The ISAE shut down in 2014. Books & Culture followed in 2016. Noll and other members of the “evangelical mafia” have retired or moved into administrative positions. Books about evangelicals continue to appear steadily, but fewer and fewer of them reflect the sympathetic, theologically-centered insider perspective of the previous generation’s work. To cite just a few recent examples, Bethany Moreton, Timothy Gloege, Kevin Kruse, and Darren Grem have all examined the influence of American business cultures on evangelicalism. In addition to this “business turn,” gender and sexuality have become central concerns in studies of evangelicalism. Work on evangelical ideas, such as Molly Worthen’s Apostles of Reason, has become more pointed. The current bestselling book on the topic, Frances Fitzgerald’s The Evangelicals: The Struggle to Shape America, focuses on politics rather than on theology, is highly critical of evangelicalism, and is written by an East Coast journalist with numerous writing awards but no insider credentials. The field is changing, dramatically.

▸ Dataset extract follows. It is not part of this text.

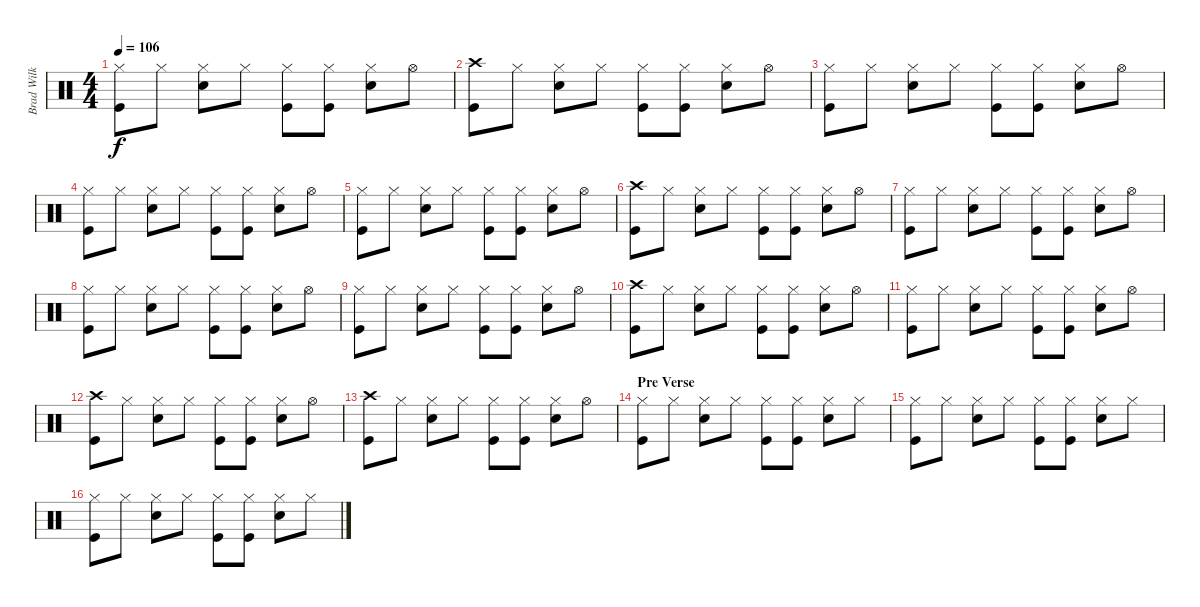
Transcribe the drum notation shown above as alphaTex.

Treloar writes about one era of disruption in evangelicalism. His book appears at another. It remains to be seen whether polarization will rend the movement this time or if theological creativity and a robust, irenic center can emerge again to carry the day.
Elesha Coffman is assistant professor of history at Baylor University and author of The Christian Century and the Rise of the Protestant Mainline (Oxford University Press).